_EXERCISE AIM_
Look below for the line containing "Offer a very short reply. 0.53."; from there, print each line exactly up to and including the line containing "Provide a short and direct response. 0.35.", and stop.

_Items listed in a dataset_
────────────────────
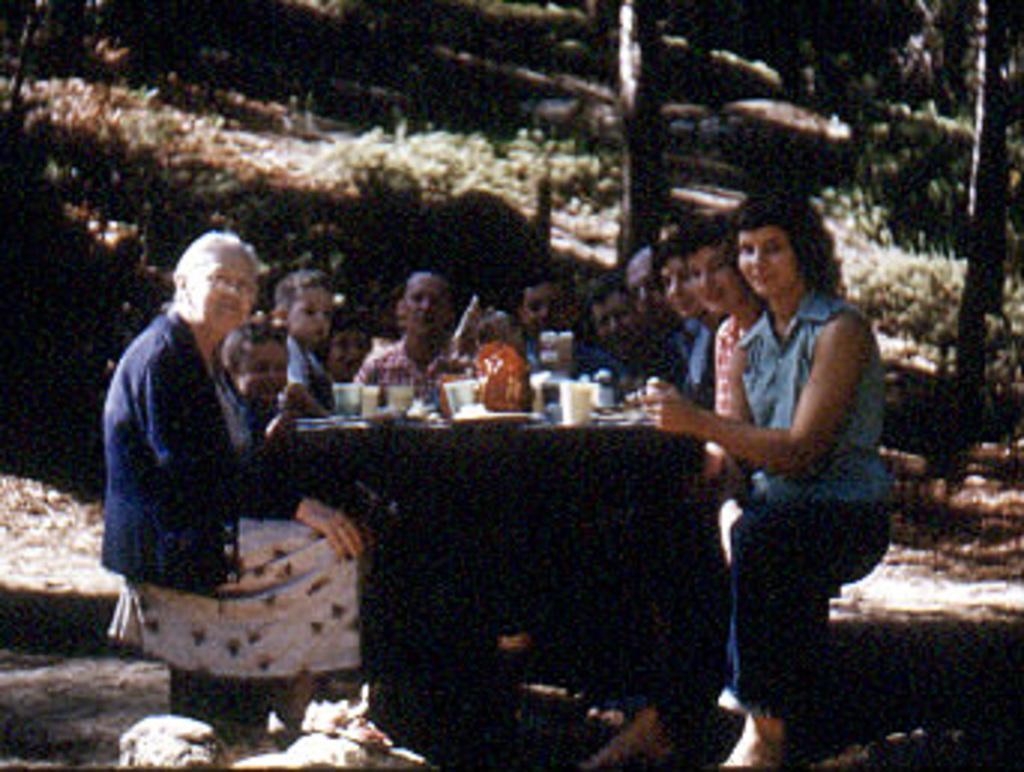Describe this image in one or two sentences. In the image we can see there are people sitting and they are wearing clothes. Here we can see the table, on the table, we can see glasses and other things. Here we can see stones, grass and the image is slightly blurred. 
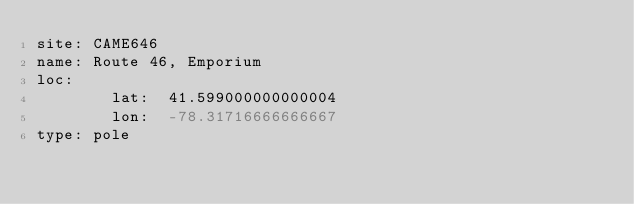Convert code to text. <code><loc_0><loc_0><loc_500><loc_500><_YAML_>site: CAME646
name: Route 46, Emporium
loc:
        lat:  41.599000000000004
        lon:  -78.31716666666667
type: pole
</code> 
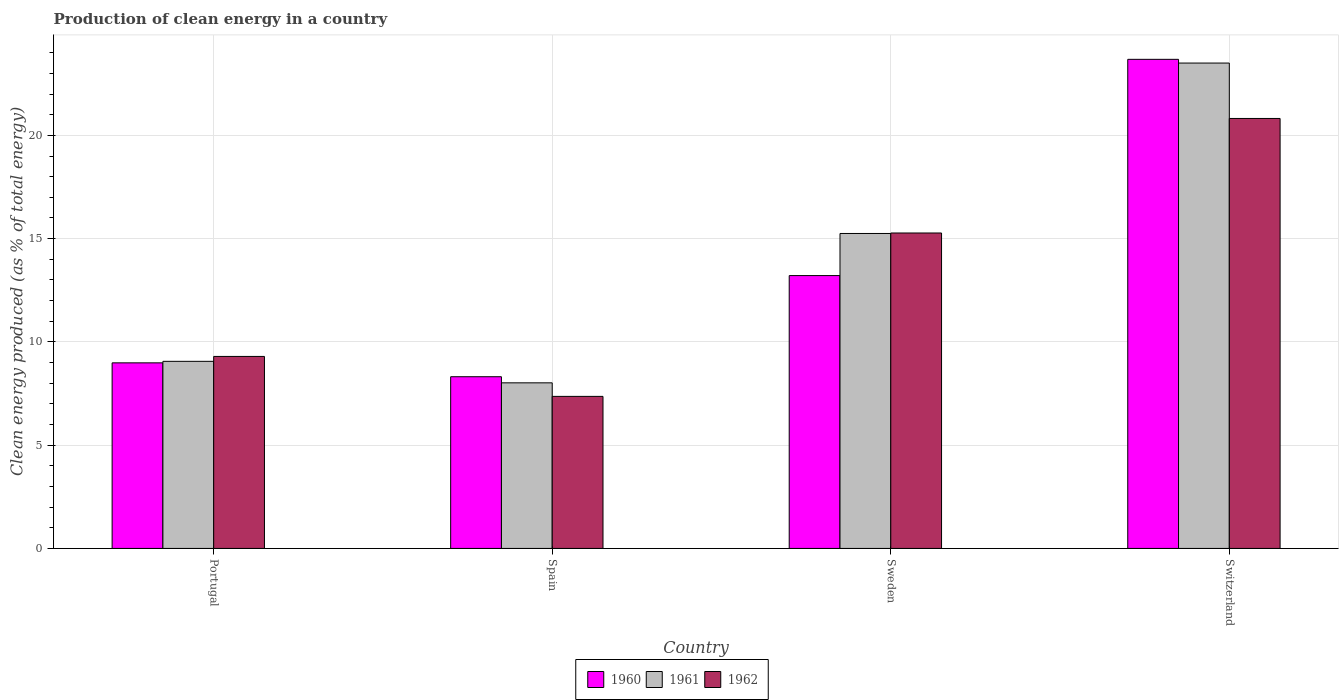How many groups of bars are there?
Give a very brief answer. 4. Are the number of bars on each tick of the X-axis equal?
Make the answer very short. Yes. How many bars are there on the 3rd tick from the left?
Your answer should be very brief. 3. What is the label of the 1st group of bars from the left?
Make the answer very short. Portugal. In how many cases, is the number of bars for a given country not equal to the number of legend labels?
Offer a terse response. 0. What is the percentage of clean energy produced in 1960 in Spain?
Offer a very short reply. 8.31. Across all countries, what is the maximum percentage of clean energy produced in 1962?
Offer a very short reply. 20.82. Across all countries, what is the minimum percentage of clean energy produced in 1960?
Offer a terse response. 8.31. In which country was the percentage of clean energy produced in 1961 maximum?
Offer a terse response. Switzerland. In which country was the percentage of clean energy produced in 1961 minimum?
Ensure brevity in your answer.  Spain. What is the total percentage of clean energy produced in 1960 in the graph?
Your answer should be compact. 54.19. What is the difference between the percentage of clean energy produced in 1962 in Portugal and that in Spain?
Provide a succinct answer. 1.94. What is the difference between the percentage of clean energy produced in 1960 in Switzerland and the percentage of clean energy produced in 1961 in Portugal?
Keep it short and to the point. 14.62. What is the average percentage of clean energy produced in 1960 per country?
Ensure brevity in your answer.  13.55. What is the difference between the percentage of clean energy produced of/in 1961 and percentage of clean energy produced of/in 1960 in Portugal?
Offer a terse response. 0.07. What is the ratio of the percentage of clean energy produced in 1962 in Portugal to that in Sweden?
Your answer should be compact. 0.61. Is the percentage of clean energy produced in 1962 in Spain less than that in Sweden?
Make the answer very short. Yes. What is the difference between the highest and the second highest percentage of clean energy produced in 1962?
Offer a terse response. -11.52. What is the difference between the highest and the lowest percentage of clean energy produced in 1960?
Your answer should be very brief. 15.37. In how many countries, is the percentage of clean energy produced in 1962 greater than the average percentage of clean energy produced in 1962 taken over all countries?
Provide a succinct answer. 2. What does the 3rd bar from the right in Sweden represents?
Offer a very short reply. 1960. Are all the bars in the graph horizontal?
Your response must be concise. No. Are the values on the major ticks of Y-axis written in scientific E-notation?
Offer a very short reply. No. Does the graph contain grids?
Offer a very short reply. Yes. Where does the legend appear in the graph?
Keep it short and to the point. Bottom center. What is the title of the graph?
Offer a terse response. Production of clean energy in a country. Does "1989" appear as one of the legend labels in the graph?
Keep it short and to the point. No. What is the label or title of the Y-axis?
Make the answer very short. Clean energy produced (as % of total energy). What is the Clean energy produced (as % of total energy) in 1960 in Portugal?
Your answer should be compact. 8.99. What is the Clean energy produced (as % of total energy) in 1961 in Portugal?
Offer a very short reply. 9.06. What is the Clean energy produced (as % of total energy) in 1962 in Portugal?
Offer a very short reply. 9.3. What is the Clean energy produced (as % of total energy) of 1960 in Spain?
Your answer should be very brief. 8.31. What is the Clean energy produced (as % of total energy) of 1961 in Spain?
Provide a succinct answer. 8.02. What is the Clean energy produced (as % of total energy) in 1962 in Spain?
Offer a very short reply. 7.36. What is the Clean energy produced (as % of total energy) of 1960 in Sweden?
Your answer should be very brief. 13.21. What is the Clean energy produced (as % of total energy) in 1961 in Sweden?
Keep it short and to the point. 15.25. What is the Clean energy produced (as % of total energy) of 1962 in Sweden?
Offer a very short reply. 15.27. What is the Clean energy produced (as % of total energy) of 1960 in Switzerland?
Your answer should be compact. 23.68. What is the Clean energy produced (as % of total energy) of 1961 in Switzerland?
Ensure brevity in your answer.  23.5. What is the Clean energy produced (as % of total energy) of 1962 in Switzerland?
Give a very brief answer. 20.82. Across all countries, what is the maximum Clean energy produced (as % of total energy) in 1960?
Offer a very short reply. 23.68. Across all countries, what is the maximum Clean energy produced (as % of total energy) of 1961?
Ensure brevity in your answer.  23.5. Across all countries, what is the maximum Clean energy produced (as % of total energy) in 1962?
Keep it short and to the point. 20.82. Across all countries, what is the minimum Clean energy produced (as % of total energy) in 1960?
Make the answer very short. 8.31. Across all countries, what is the minimum Clean energy produced (as % of total energy) of 1961?
Provide a short and direct response. 8.02. Across all countries, what is the minimum Clean energy produced (as % of total energy) in 1962?
Make the answer very short. 7.36. What is the total Clean energy produced (as % of total energy) of 1960 in the graph?
Your answer should be very brief. 54.19. What is the total Clean energy produced (as % of total energy) of 1961 in the graph?
Make the answer very short. 55.83. What is the total Clean energy produced (as % of total energy) in 1962 in the graph?
Give a very brief answer. 52.75. What is the difference between the Clean energy produced (as % of total energy) of 1960 in Portugal and that in Spain?
Keep it short and to the point. 0.67. What is the difference between the Clean energy produced (as % of total energy) in 1961 in Portugal and that in Spain?
Give a very brief answer. 1.04. What is the difference between the Clean energy produced (as % of total energy) in 1962 in Portugal and that in Spain?
Your answer should be compact. 1.94. What is the difference between the Clean energy produced (as % of total energy) of 1960 in Portugal and that in Sweden?
Provide a short and direct response. -4.23. What is the difference between the Clean energy produced (as % of total energy) of 1961 in Portugal and that in Sweden?
Your answer should be compact. -6.19. What is the difference between the Clean energy produced (as % of total energy) in 1962 in Portugal and that in Sweden?
Ensure brevity in your answer.  -5.98. What is the difference between the Clean energy produced (as % of total energy) in 1960 in Portugal and that in Switzerland?
Give a very brief answer. -14.7. What is the difference between the Clean energy produced (as % of total energy) of 1961 in Portugal and that in Switzerland?
Your answer should be very brief. -14.44. What is the difference between the Clean energy produced (as % of total energy) of 1962 in Portugal and that in Switzerland?
Keep it short and to the point. -11.52. What is the difference between the Clean energy produced (as % of total energy) of 1960 in Spain and that in Sweden?
Provide a short and direct response. -4.9. What is the difference between the Clean energy produced (as % of total energy) of 1961 in Spain and that in Sweden?
Make the answer very short. -7.23. What is the difference between the Clean energy produced (as % of total energy) of 1962 in Spain and that in Sweden?
Offer a very short reply. -7.91. What is the difference between the Clean energy produced (as % of total energy) in 1960 in Spain and that in Switzerland?
Your answer should be very brief. -15.37. What is the difference between the Clean energy produced (as % of total energy) of 1961 in Spain and that in Switzerland?
Give a very brief answer. -15.48. What is the difference between the Clean energy produced (as % of total energy) in 1962 in Spain and that in Switzerland?
Make the answer very short. -13.46. What is the difference between the Clean energy produced (as % of total energy) of 1960 in Sweden and that in Switzerland?
Give a very brief answer. -10.47. What is the difference between the Clean energy produced (as % of total energy) of 1961 in Sweden and that in Switzerland?
Offer a terse response. -8.25. What is the difference between the Clean energy produced (as % of total energy) in 1962 in Sweden and that in Switzerland?
Make the answer very short. -5.55. What is the difference between the Clean energy produced (as % of total energy) of 1960 in Portugal and the Clean energy produced (as % of total energy) of 1961 in Spain?
Your answer should be compact. 0.97. What is the difference between the Clean energy produced (as % of total energy) of 1960 in Portugal and the Clean energy produced (as % of total energy) of 1962 in Spain?
Make the answer very short. 1.62. What is the difference between the Clean energy produced (as % of total energy) of 1961 in Portugal and the Clean energy produced (as % of total energy) of 1962 in Spain?
Offer a very short reply. 1.7. What is the difference between the Clean energy produced (as % of total energy) in 1960 in Portugal and the Clean energy produced (as % of total energy) in 1961 in Sweden?
Provide a short and direct response. -6.26. What is the difference between the Clean energy produced (as % of total energy) of 1960 in Portugal and the Clean energy produced (as % of total energy) of 1962 in Sweden?
Your response must be concise. -6.29. What is the difference between the Clean energy produced (as % of total energy) in 1961 in Portugal and the Clean energy produced (as % of total energy) in 1962 in Sweden?
Your response must be concise. -6.21. What is the difference between the Clean energy produced (as % of total energy) in 1960 in Portugal and the Clean energy produced (as % of total energy) in 1961 in Switzerland?
Ensure brevity in your answer.  -14.52. What is the difference between the Clean energy produced (as % of total energy) of 1960 in Portugal and the Clean energy produced (as % of total energy) of 1962 in Switzerland?
Offer a very short reply. -11.83. What is the difference between the Clean energy produced (as % of total energy) in 1961 in Portugal and the Clean energy produced (as % of total energy) in 1962 in Switzerland?
Provide a succinct answer. -11.76. What is the difference between the Clean energy produced (as % of total energy) in 1960 in Spain and the Clean energy produced (as % of total energy) in 1961 in Sweden?
Provide a short and direct response. -6.94. What is the difference between the Clean energy produced (as % of total energy) of 1960 in Spain and the Clean energy produced (as % of total energy) of 1962 in Sweden?
Ensure brevity in your answer.  -6.96. What is the difference between the Clean energy produced (as % of total energy) of 1961 in Spain and the Clean energy produced (as % of total energy) of 1962 in Sweden?
Provide a short and direct response. -7.26. What is the difference between the Clean energy produced (as % of total energy) in 1960 in Spain and the Clean energy produced (as % of total energy) in 1961 in Switzerland?
Your response must be concise. -15.19. What is the difference between the Clean energy produced (as % of total energy) in 1960 in Spain and the Clean energy produced (as % of total energy) in 1962 in Switzerland?
Provide a succinct answer. -12.5. What is the difference between the Clean energy produced (as % of total energy) in 1961 in Spain and the Clean energy produced (as % of total energy) in 1962 in Switzerland?
Make the answer very short. -12.8. What is the difference between the Clean energy produced (as % of total energy) of 1960 in Sweden and the Clean energy produced (as % of total energy) of 1961 in Switzerland?
Provide a succinct answer. -10.29. What is the difference between the Clean energy produced (as % of total energy) of 1960 in Sweden and the Clean energy produced (as % of total energy) of 1962 in Switzerland?
Give a very brief answer. -7.61. What is the difference between the Clean energy produced (as % of total energy) of 1961 in Sweden and the Clean energy produced (as % of total energy) of 1962 in Switzerland?
Ensure brevity in your answer.  -5.57. What is the average Clean energy produced (as % of total energy) in 1960 per country?
Provide a succinct answer. 13.55. What is the average Clean energy produced (as % of total energy) in 1961 per country?
Your response must be concise. 13.96. What is the average Clean energy produced (as % of total energy) of 1962 per country?
Ensure brevity in your answer.  13.19. What is the difference between the Clean energy produced (as % of total energy) in 1960 and Clean energy produced (as % of total energy) in 1961 in Portugal?
Give a very brief answer. -0.07. What is the difference between the Clean energy produced (as % of total energy) of 1960 and Clean energy produced (as % of total energy) of 1962 in Portugal?
Ensure brevity in your answer.  -0.31. What is the difference between the Clean energy produced (as % of total energy) in 1961 and Clean energy produced (as % of total energy) in 1962 in Portugal?
Keep it short and to the point. -0.24. What is the difference between the Clean energy produced (as % of total energy) of 1960 and Clean energy produced (as % of total energy) of 1961 in Spain?
Offer a terse response. 0.3. What is the difference between the Clean energy produced (as % of total energy) of 1960 and Clean energy produced (as % of total energy) of 1962 in Spain?
Provide a short and direct response. 0.95. What is the difference between the Clean energy produced (as % of total energy) in 1961 and Clean energy produced (as % of total energy) in 1962 in Spain?
Offer a very short reply. 0.66. What is the difference between the Clean energy produced (as % of total energy) in 1960 and Clean energy produced (as % of total energy) in 1961 in Sweden?
Offer a very short reply. -2.04. What is the difference between the Clean energy produced (as % of total energy) of 1960 and Clean energy produced (as % of total energy) of 1962 in Sweden?
Make the answer very short. -2.06. What is the difference between the Clean energy produced (as % of total energy) of 1961 and Clean energy produced (as % of total energy) of 1962 in Sweden?
Give a very brief answer. -0.02. What is the difference between the Clean energy produced (as % of total energy) of 1960 and Clean energy produced (as % of total energy) of 1961 in Switzerland?
Keep it short and to the point. 0.18. What is the difference between the Clean energy produced (as % of total energy) of 1960 and Clean energy produced (as % of total energy) of 1962 in Switzerland?
Offer a terse response. 2.86. What is the difference between the Clean energy produced (as % of total energy) in 1961 and Clean energy produced (as % of total energy) in 1962 in Switzerland?
Your answer should be very brief. 2.68. What is the ratio of the Clean energy produced (as % of total energy) of 1960 in Portugal to that in Spain?
Ensure brevity in your answer.  1.08. What is the ratio of the Clean energy produced (as % of total energy) in 1961 in Portugal to that in Spain?
Your response must be concise. 1.13. What is the ratio of the Clean energy produced (as % of total energy) of 1962 in Portugal to that in Spain?
Offer a terse response. 1.26. What is the ratio of the Clean energy produced (as % of total energy) in 1960 in Portugal to that in Sweden?
Provide a succinct answer. 0.68. What is the ratio of the Clean energy produced (as % of total energy) in 1961 in Portugal to that in Sweden?
Provide a succinct answer. 0.59. What is the ratio of the Clean energy produced (as % of total energy) in 1962 in Portugal to that in Sweden?
Offer a very short reply. 0.61. What is the ratio of the Clean energy produced (as % of total energy) in 1960 in Portugal to that in Switzerland?
Give a very brief answer. 0.38. What is the ratio of the Clean energy produced (as % of total energy) in 1961 in Portugal to that in Switzerland?
Your response must be concise. 0.39. What is the ratio of the Clean energy produced (as % of total energy) in 1962 in Portugal to that in Switzerland?
Your answer should be compact. 0.45. What is the ratio of the Clean energy produced (as % of total energy) in 1960 in Spain to that in Sweden?
Keep it short and to the point. 0.63. What is the ratio of the Clean energy produced (as % of total energy) in 1961 in Spain to that in Sweden?
Offer a very short reply. 0.53. What is the ratio of the Clean energy produced (as % of total energy) of 1962 in Spain to that in Sweden?
Ensure brevity in your answer.  0.48. What is the ratio of the Clean energy produced (as % of total energy) in 1960 in Spain to that in Switzerland?
Your answer should be very brief. 0.35. What is the ratio of the Clean energy produced (as % of total energy) of 1961 in Spain to that in Switzerland?
Offer a terse response. 0.34. What is the ratio of the Clean energy produced (as % of total energy) in 1962 in Spain to that in Switzerland?
Provide a short and direct response. 0.35. What is the ratio of the Clean energy produced (as % of total energy) of 1960 in Sweden to that in Switzerland?
Ensure brevity in your answer.  0.56. What is the ratio of the Clean energy produced (as % of total energy) of 1961 in Sweden to that in Switzerland?
Give a very brief answer. 0.65. What is the ratio of the Clean energy produced (as % of total energy) of 1962 in Sweden to that in Switzerland?
Your answer should be compact. 0.73. What is the difference between the highest and the second highest Clean energy produced (as % of total energy) in 1960?
Your response must be concise. 10.47. What is the difference between the highest and the second highest Clean energy produced (as % of total energy) of 1961?
Offer a very short reply. 8.25. What is the difference between the highest and the second highest Clean energy produced (as % of total energy) in 1962?
Your answer should be compact. 5.55. What is the difference between the highest and the lowest Clean energy produced (as % of total energy) of 1960?
Give a very brief answer. 15.37. What is the difference between the highest and the lowest Clean energy produced (as % of total energy) of 1961?
Your response must be concise. 15.48. What is the difference between the highest and the lowest Clean energy produced (as % of total energy) of 1962?
Ensure brevity in your answer.  13.46.
────────────────────
_TASK SOLUTION_
Offer a very short reply. 0.53. What is the ratio of the Clean energy produced (as % of total energy) of 1962 in Spain to that in Sweden?
Ensure brevity in your answer.  0.48. What is the ratio of the Clean energy produced (as % of total energy) in 1960 in Spain to that in Switzerland?
Your answer should be very brief. 0.35. What is the ratio of the Clean energy produced (as % of total energy) of 1961 in Spain to that in Switzerland?
Offer a terse response. 0.34. What is the ratio of the Clean energy produced (as % of total energy) in 1962 in Spain to that in Switzerland?
Provide a short and direct response. 0.35. What is the ratio of the Clean energy produced (as % of total energy) of 1960 in Sweden to that in Switzerland?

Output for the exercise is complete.